** Given data **
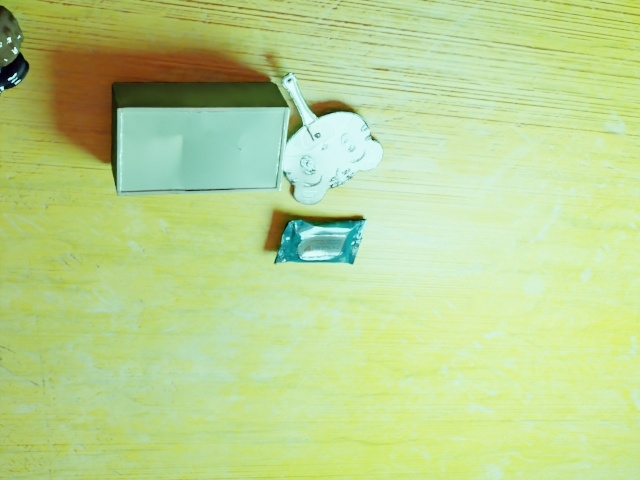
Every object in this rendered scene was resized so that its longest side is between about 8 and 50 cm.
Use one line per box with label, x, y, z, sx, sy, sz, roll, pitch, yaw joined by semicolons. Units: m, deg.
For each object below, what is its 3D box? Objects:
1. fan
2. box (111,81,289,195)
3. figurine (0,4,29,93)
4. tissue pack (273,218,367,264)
fan;-0.006;-0.152;1.467;0.153;0.008;0.226;-29;132;2
box;-0.166;-0.138;1.389;0.225;0.086;0.129;-3;123;-16
figurine;-0.455;-0.284;1.115;0.204;0.185;0.332;-34;140;-29
tissue pack;0.000;0.000;1.570;0.138;0.028;0.085;2;124;-25

** What the task asks **
What is the number of lines in the records that include the word "object"? Answer with that number only.

** Worked solution **
2